# Proposition

Suppose $U\colon\Omega\to\mathbb R$ is a non-constant harmonic function, i.e. $U\in\mathcal C^\omega$, i.e. analytic, and $\Delta U=0$, where $\Omega\subseteq\mathbb R^n$ is a region. Then every equilibrium of the system $\ddot x=-\nabla U$ is unstable in the sense of Lyapunov.

(In other words, suppose $(x_0,y_0)$ is an equilibrium of $\dot x=y,\dot y=-\nabla U$, then $(x_0,y_0)$ is unstable.)

# Discussion

In electrostatic, the preceding statement is known as Earnshaw's theorem. However, the proofs I saw aren't completely rigorous. They rely on the maximum principle of harmonic functions, and the following statement:

If $\nabla U(x_0)=0$ and $x_0$ isn't a strict local minimum, then the equilibrium $x=x_0,\dot x=0$ is unstable.

However, in V.I.Arnold's Mathematical Methods of Classical Mechanics, it's said that

It seems likely that in an analytic system with $n$ degrees of freedom, an equilibrium position which is not a minimum point (of the potential energy) is unstable; but this has never been proved for $n>2$.
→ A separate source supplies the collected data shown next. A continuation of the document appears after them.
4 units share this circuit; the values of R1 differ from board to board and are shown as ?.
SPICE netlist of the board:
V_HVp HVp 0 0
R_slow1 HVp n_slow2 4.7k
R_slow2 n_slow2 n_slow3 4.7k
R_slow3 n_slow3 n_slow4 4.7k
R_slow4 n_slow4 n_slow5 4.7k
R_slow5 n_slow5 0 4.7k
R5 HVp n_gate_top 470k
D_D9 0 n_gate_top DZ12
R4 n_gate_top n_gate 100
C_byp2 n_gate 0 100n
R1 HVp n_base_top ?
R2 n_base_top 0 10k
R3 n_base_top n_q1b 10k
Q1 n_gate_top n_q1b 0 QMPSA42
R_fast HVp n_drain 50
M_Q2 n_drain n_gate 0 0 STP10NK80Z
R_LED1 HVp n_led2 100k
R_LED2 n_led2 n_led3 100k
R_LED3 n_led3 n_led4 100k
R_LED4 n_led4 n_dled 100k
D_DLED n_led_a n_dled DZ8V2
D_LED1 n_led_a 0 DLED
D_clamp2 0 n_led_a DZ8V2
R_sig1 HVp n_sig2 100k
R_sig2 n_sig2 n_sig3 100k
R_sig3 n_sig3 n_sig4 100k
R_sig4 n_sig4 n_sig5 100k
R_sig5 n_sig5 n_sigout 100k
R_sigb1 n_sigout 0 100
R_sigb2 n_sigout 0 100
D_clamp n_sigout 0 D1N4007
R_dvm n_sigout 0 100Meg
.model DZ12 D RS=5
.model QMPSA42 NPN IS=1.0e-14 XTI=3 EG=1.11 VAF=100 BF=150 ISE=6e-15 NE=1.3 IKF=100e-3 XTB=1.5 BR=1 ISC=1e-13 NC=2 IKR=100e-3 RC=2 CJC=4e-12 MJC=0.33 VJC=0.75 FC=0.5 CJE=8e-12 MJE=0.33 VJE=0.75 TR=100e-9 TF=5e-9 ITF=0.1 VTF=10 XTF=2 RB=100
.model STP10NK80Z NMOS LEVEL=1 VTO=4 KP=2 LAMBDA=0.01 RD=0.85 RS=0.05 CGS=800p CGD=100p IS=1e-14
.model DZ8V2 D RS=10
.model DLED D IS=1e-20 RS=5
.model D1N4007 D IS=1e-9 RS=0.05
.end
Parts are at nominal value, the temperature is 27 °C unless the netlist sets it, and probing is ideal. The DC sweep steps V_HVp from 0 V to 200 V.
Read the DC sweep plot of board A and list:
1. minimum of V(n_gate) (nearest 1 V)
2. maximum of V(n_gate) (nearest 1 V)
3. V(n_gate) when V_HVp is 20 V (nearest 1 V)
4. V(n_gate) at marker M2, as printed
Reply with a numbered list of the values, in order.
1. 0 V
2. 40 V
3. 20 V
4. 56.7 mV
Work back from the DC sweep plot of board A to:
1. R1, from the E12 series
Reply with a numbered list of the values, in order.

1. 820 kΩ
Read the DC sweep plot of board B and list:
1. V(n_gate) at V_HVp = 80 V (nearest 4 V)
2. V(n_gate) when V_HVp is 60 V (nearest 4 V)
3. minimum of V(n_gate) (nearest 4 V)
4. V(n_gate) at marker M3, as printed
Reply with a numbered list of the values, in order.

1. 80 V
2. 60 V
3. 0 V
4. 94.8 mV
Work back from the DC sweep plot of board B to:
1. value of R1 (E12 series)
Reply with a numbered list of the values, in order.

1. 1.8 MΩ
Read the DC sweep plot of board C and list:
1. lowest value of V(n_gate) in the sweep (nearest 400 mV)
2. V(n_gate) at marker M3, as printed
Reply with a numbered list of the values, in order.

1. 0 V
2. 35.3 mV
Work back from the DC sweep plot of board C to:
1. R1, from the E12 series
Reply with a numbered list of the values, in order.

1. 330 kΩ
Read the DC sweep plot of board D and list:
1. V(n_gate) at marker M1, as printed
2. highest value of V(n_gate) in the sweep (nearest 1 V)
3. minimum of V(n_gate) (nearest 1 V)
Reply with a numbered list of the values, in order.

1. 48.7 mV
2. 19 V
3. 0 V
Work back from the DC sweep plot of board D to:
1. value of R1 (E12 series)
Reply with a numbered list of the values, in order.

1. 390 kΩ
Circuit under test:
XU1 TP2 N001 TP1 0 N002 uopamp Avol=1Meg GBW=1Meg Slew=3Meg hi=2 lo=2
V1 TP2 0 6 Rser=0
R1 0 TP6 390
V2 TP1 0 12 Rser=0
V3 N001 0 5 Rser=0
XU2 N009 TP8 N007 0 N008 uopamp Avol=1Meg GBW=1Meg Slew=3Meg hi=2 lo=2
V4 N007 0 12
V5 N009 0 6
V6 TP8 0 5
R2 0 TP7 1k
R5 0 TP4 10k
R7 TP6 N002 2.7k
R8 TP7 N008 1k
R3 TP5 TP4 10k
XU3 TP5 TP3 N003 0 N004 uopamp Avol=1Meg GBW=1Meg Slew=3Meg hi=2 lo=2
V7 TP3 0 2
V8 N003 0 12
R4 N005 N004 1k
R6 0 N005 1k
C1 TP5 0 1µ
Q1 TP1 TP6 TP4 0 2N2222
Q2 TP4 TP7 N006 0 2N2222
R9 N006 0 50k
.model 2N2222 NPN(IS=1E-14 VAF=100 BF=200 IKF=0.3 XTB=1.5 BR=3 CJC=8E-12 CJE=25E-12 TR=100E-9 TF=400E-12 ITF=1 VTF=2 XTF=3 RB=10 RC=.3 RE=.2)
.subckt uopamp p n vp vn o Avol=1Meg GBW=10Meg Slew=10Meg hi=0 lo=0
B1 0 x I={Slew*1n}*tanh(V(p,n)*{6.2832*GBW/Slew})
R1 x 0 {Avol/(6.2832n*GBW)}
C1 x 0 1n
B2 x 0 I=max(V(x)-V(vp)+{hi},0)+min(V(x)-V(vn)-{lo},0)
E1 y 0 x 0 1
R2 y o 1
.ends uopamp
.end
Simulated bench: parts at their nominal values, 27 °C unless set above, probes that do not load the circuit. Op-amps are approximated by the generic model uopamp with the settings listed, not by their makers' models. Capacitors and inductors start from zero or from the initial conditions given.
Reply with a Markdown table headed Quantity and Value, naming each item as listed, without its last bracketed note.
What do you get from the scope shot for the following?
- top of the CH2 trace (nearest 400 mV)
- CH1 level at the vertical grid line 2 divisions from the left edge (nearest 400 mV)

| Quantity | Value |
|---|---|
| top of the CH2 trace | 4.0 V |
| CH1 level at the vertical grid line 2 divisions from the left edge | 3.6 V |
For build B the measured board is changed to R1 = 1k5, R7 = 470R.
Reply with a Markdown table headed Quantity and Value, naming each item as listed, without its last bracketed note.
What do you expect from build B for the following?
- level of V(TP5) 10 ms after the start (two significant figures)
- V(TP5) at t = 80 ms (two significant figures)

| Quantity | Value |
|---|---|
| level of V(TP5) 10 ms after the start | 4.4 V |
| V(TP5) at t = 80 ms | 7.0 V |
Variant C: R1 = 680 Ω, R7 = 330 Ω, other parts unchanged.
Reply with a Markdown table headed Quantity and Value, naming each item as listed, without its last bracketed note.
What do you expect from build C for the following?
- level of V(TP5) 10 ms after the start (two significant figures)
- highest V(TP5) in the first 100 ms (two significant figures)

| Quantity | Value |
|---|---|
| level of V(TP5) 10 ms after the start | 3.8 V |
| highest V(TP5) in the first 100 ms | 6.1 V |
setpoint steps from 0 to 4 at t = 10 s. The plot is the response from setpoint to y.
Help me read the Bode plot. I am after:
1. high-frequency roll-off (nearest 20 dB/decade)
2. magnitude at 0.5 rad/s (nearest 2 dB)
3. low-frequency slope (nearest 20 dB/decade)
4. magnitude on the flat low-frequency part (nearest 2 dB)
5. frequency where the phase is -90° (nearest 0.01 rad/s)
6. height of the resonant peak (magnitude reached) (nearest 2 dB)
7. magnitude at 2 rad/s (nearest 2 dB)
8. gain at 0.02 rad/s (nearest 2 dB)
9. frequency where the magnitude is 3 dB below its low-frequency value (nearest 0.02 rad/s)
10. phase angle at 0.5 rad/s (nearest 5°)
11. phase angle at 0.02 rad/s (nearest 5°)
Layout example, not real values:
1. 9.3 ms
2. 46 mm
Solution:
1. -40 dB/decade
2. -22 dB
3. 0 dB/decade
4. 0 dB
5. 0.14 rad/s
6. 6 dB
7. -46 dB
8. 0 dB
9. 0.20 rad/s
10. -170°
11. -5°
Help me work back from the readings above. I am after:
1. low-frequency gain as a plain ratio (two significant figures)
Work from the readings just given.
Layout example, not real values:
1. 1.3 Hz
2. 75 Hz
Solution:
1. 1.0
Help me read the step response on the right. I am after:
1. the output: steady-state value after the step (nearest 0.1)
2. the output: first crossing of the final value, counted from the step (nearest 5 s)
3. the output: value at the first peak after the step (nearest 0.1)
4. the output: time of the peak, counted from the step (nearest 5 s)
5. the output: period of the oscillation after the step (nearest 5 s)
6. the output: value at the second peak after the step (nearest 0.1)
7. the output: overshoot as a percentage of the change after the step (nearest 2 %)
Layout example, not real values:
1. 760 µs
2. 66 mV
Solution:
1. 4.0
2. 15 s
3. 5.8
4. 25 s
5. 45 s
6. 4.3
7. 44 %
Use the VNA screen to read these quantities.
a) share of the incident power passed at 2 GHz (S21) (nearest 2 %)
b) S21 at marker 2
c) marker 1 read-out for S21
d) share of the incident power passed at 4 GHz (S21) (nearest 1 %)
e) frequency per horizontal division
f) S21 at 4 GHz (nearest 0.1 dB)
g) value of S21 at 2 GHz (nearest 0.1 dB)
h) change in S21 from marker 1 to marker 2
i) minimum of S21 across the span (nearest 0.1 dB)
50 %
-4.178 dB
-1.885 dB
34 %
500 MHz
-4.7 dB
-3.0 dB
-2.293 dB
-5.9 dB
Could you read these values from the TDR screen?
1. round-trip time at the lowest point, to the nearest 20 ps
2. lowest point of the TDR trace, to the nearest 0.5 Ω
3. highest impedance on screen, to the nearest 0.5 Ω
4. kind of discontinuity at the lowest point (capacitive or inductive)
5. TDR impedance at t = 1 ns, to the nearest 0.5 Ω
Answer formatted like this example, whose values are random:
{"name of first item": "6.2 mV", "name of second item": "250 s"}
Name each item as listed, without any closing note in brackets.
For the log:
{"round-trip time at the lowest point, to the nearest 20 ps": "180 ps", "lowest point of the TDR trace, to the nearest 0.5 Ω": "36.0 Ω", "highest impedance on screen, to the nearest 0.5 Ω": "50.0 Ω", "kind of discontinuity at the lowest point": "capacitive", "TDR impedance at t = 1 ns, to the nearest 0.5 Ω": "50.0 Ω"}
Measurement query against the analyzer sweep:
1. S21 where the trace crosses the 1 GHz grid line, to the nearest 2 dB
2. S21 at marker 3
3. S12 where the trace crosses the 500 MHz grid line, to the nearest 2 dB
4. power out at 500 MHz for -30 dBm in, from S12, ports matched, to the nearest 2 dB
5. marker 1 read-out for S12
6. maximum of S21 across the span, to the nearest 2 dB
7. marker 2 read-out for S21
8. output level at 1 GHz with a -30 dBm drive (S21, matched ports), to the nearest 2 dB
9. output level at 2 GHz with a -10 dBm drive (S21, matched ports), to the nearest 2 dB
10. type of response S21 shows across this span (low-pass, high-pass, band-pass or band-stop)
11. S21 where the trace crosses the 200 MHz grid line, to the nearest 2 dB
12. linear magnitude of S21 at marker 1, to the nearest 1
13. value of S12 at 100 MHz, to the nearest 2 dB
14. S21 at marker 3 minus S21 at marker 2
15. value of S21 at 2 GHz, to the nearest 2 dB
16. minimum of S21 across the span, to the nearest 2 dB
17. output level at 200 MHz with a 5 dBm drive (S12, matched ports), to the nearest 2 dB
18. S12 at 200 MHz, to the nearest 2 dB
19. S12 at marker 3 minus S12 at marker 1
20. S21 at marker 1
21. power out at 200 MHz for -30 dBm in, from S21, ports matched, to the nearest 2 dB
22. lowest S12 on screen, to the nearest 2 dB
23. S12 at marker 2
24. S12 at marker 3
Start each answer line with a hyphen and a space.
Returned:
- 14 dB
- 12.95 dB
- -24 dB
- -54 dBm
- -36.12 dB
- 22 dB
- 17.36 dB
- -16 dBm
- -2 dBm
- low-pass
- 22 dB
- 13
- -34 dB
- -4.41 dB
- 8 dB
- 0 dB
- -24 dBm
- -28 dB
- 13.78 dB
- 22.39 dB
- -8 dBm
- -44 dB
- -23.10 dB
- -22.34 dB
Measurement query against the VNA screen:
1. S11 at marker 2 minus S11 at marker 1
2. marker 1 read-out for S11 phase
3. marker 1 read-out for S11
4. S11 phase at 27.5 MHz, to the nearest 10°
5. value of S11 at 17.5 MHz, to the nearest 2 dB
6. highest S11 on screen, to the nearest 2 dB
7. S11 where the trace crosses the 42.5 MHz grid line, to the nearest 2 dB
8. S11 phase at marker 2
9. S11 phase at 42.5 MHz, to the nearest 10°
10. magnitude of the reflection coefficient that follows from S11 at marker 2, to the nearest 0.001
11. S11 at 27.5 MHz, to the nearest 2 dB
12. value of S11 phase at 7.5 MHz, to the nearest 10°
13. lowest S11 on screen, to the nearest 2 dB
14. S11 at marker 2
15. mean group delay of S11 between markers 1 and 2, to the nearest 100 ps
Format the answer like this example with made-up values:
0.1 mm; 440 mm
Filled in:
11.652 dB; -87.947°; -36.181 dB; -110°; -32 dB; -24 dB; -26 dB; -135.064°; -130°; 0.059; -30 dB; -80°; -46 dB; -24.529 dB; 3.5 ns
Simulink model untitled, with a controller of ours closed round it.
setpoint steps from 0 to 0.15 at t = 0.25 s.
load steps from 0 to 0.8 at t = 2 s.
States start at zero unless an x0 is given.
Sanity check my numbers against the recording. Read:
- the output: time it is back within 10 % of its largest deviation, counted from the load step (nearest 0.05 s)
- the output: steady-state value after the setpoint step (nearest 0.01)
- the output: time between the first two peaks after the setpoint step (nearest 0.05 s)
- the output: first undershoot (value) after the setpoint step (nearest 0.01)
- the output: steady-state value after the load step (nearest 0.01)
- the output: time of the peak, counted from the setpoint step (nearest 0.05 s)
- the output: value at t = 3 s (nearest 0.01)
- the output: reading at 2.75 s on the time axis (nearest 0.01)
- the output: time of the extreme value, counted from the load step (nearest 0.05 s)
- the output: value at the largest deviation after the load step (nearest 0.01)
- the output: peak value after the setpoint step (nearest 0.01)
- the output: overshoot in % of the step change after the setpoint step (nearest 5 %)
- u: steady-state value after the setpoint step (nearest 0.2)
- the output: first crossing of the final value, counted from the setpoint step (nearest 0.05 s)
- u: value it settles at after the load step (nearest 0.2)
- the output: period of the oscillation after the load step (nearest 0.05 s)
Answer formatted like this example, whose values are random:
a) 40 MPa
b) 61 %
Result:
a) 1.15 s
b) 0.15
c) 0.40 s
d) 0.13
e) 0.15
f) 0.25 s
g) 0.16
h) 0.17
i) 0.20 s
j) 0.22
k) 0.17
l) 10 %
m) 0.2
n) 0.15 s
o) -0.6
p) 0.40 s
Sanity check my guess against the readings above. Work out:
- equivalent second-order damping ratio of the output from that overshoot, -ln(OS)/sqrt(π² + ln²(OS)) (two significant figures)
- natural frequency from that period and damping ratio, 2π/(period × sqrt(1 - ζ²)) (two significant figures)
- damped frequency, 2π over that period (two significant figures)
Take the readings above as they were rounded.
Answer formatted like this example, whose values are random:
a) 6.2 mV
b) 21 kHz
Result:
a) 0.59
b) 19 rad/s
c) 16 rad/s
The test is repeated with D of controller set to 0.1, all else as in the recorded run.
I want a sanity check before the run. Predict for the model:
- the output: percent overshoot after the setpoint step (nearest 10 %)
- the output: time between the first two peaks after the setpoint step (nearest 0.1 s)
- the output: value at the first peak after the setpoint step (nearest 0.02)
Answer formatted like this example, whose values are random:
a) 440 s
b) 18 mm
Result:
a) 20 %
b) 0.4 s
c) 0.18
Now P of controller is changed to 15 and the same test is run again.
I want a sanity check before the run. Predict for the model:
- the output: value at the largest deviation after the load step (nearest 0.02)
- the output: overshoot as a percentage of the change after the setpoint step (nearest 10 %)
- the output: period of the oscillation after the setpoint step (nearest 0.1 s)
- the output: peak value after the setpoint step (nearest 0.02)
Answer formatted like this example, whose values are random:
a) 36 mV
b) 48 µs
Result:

In addition, $\Delta U=0$ implies that the Hessian $H$ of $U$ at $x_0$ satisfies $\operatorname{tr}H=0$. If $H$ has a negative eigenvalue (otherwise $H=0$), then by spectrum theorem of symmetric matrix $H$ and the theory of linearization, system is unstable at $x_0$. However, there's no evident that $H\neq0$.

Any idea? Thanks!